/SDStore

Project for Operating Systems class consisting of a client/server application using pipes in a UNIX environment

Primary LanguageCGNU General Public License v2.0GPL-2.0

SDStore

Project for Operating Systems class consisting of a client/server application using pipes in a UNIX environment.

Evaluated as a 19.6 / 20 (best grade in class).

Team

This project was developed by

Overview

The goal for this project was to create a daemon which would handle file transformations. More specifically, the daemon should receive requests from clients, each request consisting of input and output files, and the transformations the input should go through before being output (there was a priority argument as well).

Each transformation was a pre compiled executable file the daemon had access to and would call when required. There was a hard limit on the number of parallel transformations that could be run simultaneously.

All of this had to be accomplished in a UNIX environment with the appropriate system calls and with the maximum possible concurrency.

Solution

The daemon and clients would communicate via a common FIFO. In each request, the client would specify all the needed parameters, as well as a priority (by default 0, higher values mean higher priorities, up to a maximum of 5), and the name of the FIFO it will use to receive responses from the daemon.

The daemon would then redirect the request to the main server FIFO (the router), which receives updates from every transformation / request being processed. Whenever a new update is received in the router, it checks if there is a request that can be executed and, if so, chooses the one with the highest priority.

Each request is processed by a child process of the router, which creates the pipeline to do the transformations, similarly to a bash pipe (|) operator.

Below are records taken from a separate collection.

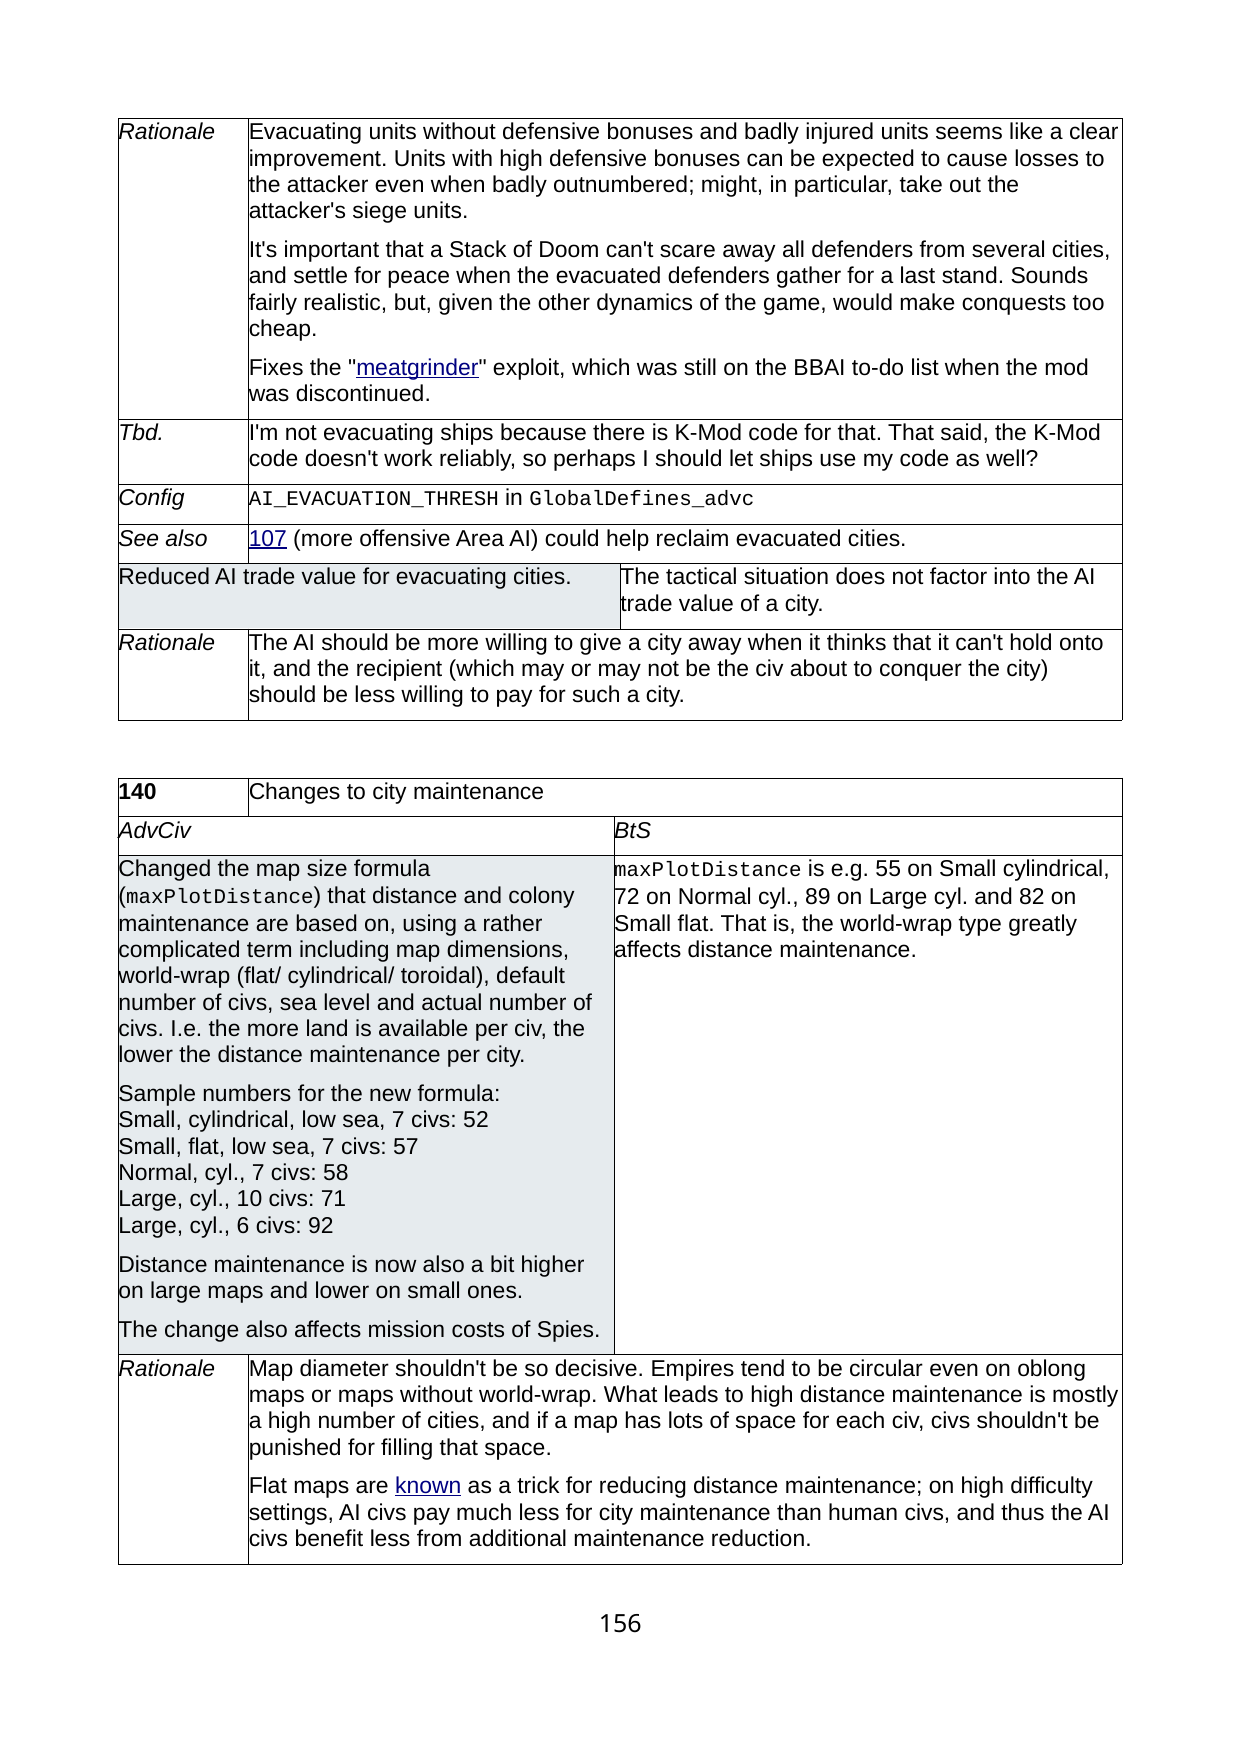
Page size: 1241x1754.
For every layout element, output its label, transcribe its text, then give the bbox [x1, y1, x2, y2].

table_cell Map diameter shouldn't be so decisive. Empires tend to be circular even on oblong maps or maps without world-wrap. What leads to high distance maintenance is mostly a high number of cities, and if a map has lots of space for each civ, civs shouldn't be punished for filling that space. Flat maps are known as a trick for reducing distance maintenance; on high difficulty settings, AI civs pay much less for city maintenance than human civs, and thus the AI civs benefit less from additional maintenance reduction. [249, 1355, 1122, 1564]
table_cell Tbd. [119, 420, 248, 484]
table_header 140 [119, 779, 248, 816]
table_cell Rationale [119, 630, 248, 720]
table_cell Config [119, 485, 248, 524]
table_cell maxPlotDistance is e.g. 55 on Small cylindrical, 72 on Normal cyl., 89 on Large cyl. and 82 on Small flat. That is, the world-wrap type greatly affects distance maintenance. [615, 856, 1122, 1354]
table_cell AI_EVACUATION_THRESH in GlobalDefines_advc [249, 485, 1122, 524]
table_cell AdvCiv [119, 817, 614, 855]
table_cell The AI should be more willing to give a city away when it thinks that it can't hold onto it, and the recipient (which may or may not be the civ about to conquer the city) should be less willing to pay for such a city. [249, 630, 1122, 720]
table_cell The tactical situation does not factor into the AI trade value of a city. [621, 564, 1122, 628]
table_header Changes to city maintenance [249, 779, 1122, 816]
table_cell I'm not evacuating ships because there is K-Mod code for that. That said, the K-Mod code doesn't work reliably, so perhaps I should let ships use my code as well? [249, 420, 1122, 484]
table_cell Evacuating units without defensive bonuses and badly injured units seems like a clear improvement. Units with high defensive bonuses can be expected to cause losses to the attacker even when badly outnumbered; might, in particular, take out the attacker's siege units. It's important that a Stack of Doom can't scare away all defenders from several cities, and settle for peace when the evacuated defenders gather for a last stand. Sounds fairly realistic, but, given the other dynamics of the game, would make conquests too cheap. Fixes the "meatgrinder" exploit, which was still on the BBAI to-do list when the mod was discontinued. [249, 119, 1122, 419]
table_cell BtS [615, 817, 1122, 855]
table_cell Rationale [119, 1355, 248, 1564]
table_cell See also [119, 525, 248, 563]
table_cell 107 (more offensive Area AI) could help reclaim evacuated cities. [249, 525, 1122, 563]
table_cell Changed the map size formula (maxPlotDistance) that distance and colony maintenance are based on, using a rather complicated term including map dimensions, world-wrap (flat/ cylindrical/ toroidal), default number of civs, sea level and actual number of civs. I.e. the more land is available per civ, the lower the distance maintenance per city. Sample numbers for the new formula: Small, cylindrical, low sea, 7 civs: 52 Small, flat, low sea, 7 civs: 57 Normal, cyl., 7 civs: 58 Large, cyl., 10 civs: 71 Large, cyl., 6 civs: 92 Distance maintenance is now also a bit higher on large maps and lower on small ones. The change also affects mission costs of Spies. [119, 856, 614, 1354]
table_cell Reduced AI trade value for evacuating cities. [119, 564, 620, 628]
table_cell Rationale [119, 119, 248, 419]

The architecture is described in the following image (PT).

Priorities

The feature which really made this project stood out was how priorities were implemented.

To our group a process would be the highest priority if and only if it had a higher priority value than every other request in line, or would be the oldest one in case of a tie.

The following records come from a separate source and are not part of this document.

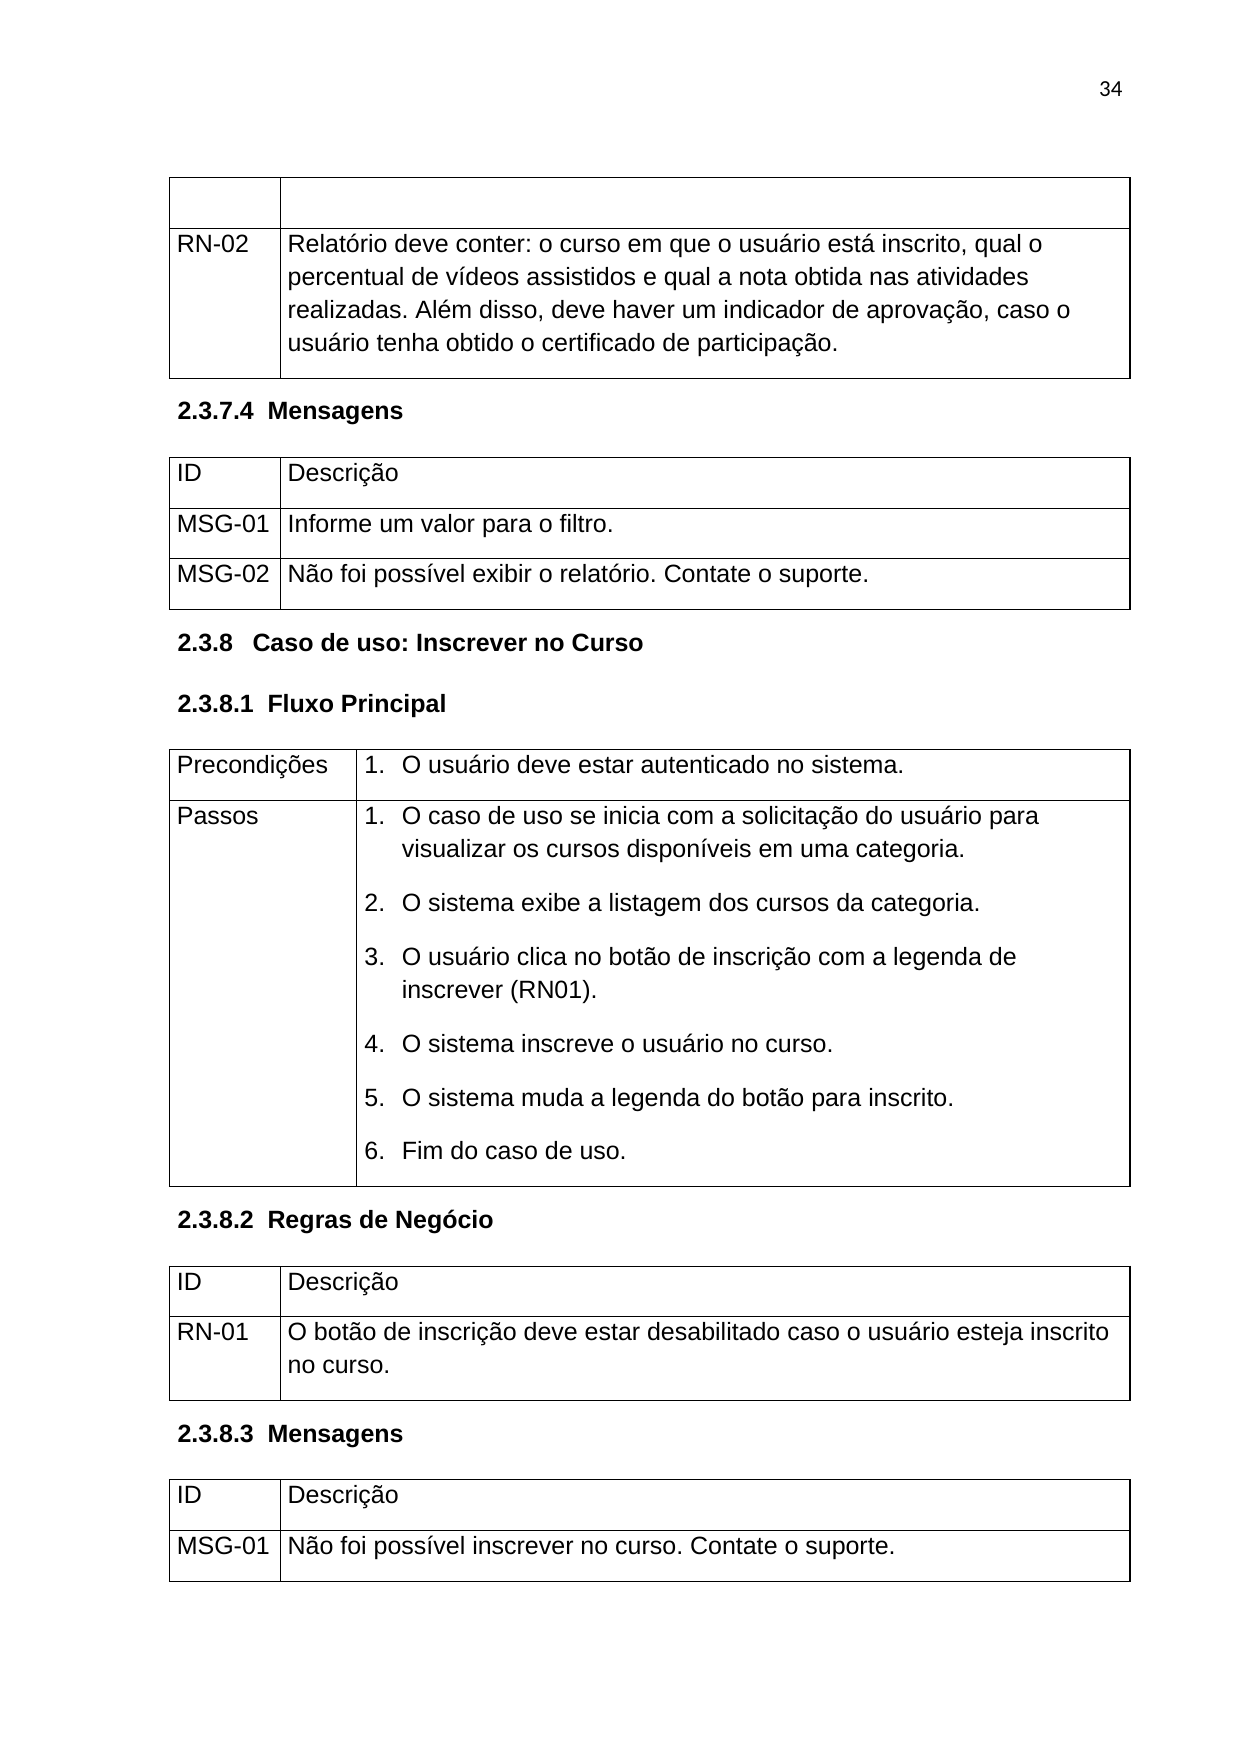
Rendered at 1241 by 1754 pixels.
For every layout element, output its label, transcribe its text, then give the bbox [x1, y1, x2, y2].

subtitle Mensagens [177, 1418, 1122, 1447]
table_cell MSG-01 [170, 1531, 280, 1581]
subtitle Regras de Negócio [177, 1205, 1122, 1233]
table_cell [281, 178, 1129, 228]
table_header Precondições [170, 750, 356, 800]
subtitle Caso de uso: Inscrever no Curso [177, 628, 1122, 656]
table_cell [170, 178, 280, 228]
table_cell Informe um valor para o filtro. [281, 509, 1129, 558]
table_header ID [170, 1480, 280, 1530]
subtitle Fluxo Principal [177, 688, 1122, 717]
table_cell MSG-01 [170, 509, 280, 558]
table_header O usuário deve estar autenticado no sistema. [357, 750, 1129, 800]
table_cell MSG-02 [170, 559, 280, 609]
table_header ID [170, 1267, 280, 1316]
table_cell RN-01 [170, 1317, 280, 1400]
subtitle Mensagens [177, 396, 1122, 425]
table_cell Passos [170, 801, 356, 1186]
table_cell O caso de uso se inicia com a solicitação do usuário para visualizar os cursos disponíveis em uma categoria. O sistema exibe a listagem dos cursos da categoria. O usuário clica no botão de inscrição com a legenda de inscrever (RN01). O sistema inscreve o usuário no curso. O sistema muda a legenda do botão para inscrito. Fim do caso de uso. [357, 801, 1129, 1186]
table_cell Não foi possível exibir o relatório. Contate o suporte. [281, 559, 1129, 609]
table_header Descrição [281, 1267, 1129, 1316]
table_cell RN-02 [170, 229, 280, 377]
table_header Descrição [281, 458, 1129, 508]
table_cell Não foi possível inscrever no curso. Contate o suporte. [281, 1531, 1129, 1581]
table_header ID [170, 458, 280, 508]
table_cell O botão de inscrição deve estar desabilitado caso o usuário esteja inscrito no curso. [281, 1317, 1129, 1400]
table_header Descrição [281, 1480, 1129, 1530]
table_cell Relatório deve conter: o curso em que o usuário está inscrito, qual o percentual de vídeos assistidos e qual a nota obtida nas atividades realizadas. Além disso, deve haver um indicador de aprovação, caso o usuário tenha obtido o certificado de participação. [281, 229, 1129, 377]

A request would execute if and only if

it were the highest priority request for each of the transformations it uses.

This means that a lower priority request could execute first than a higher priority one, as long as it executing would not delay the execution of the higher priority one, resulting in a higher throughput than if one were to blindly follow the priority.

Testing

A set of tests was developed in Python in order to measure the performance of the application, ranging from a large volume of small files to a small collection of very large files (up to tens of gigabytes)

Running the project

To compile the project run

make

To run the daemon (only works in an UNIX environment) run

./bin/sdstored config/config.txt bin/

To call the client run

./bin/sdstore proc-file -p <priority> <input-file> <output-file> <transformation-1> ... <transformation-n>

The available transformations are located in bin/ and are used by inputting a file's content to the standard input, and will output to the standard output.

Note that some transformations require additional dependencies in order to work (ccrypt).

To close the daemon, send a SIGTERM signal to it.

Improvements

Some possible improvements to the application are

  • The way the daemon responds to status requests. Right now it is linear in the number of processed requests, and it could have been more efficiently implemented
  • Responding to the clients should have been done in a child process to prevent blocking from a full pipe
  • Adding more options to the daemon, mainly related to logging to a file instead of to standard output

Thoughts and Conclusion

Overall, this was one of the most solid projects developed for a class. The features were implemented and in many instances improved upon the original requirements, and the application was tested extensively.

Therefore, not a lot could have been better and I am very proud of this project.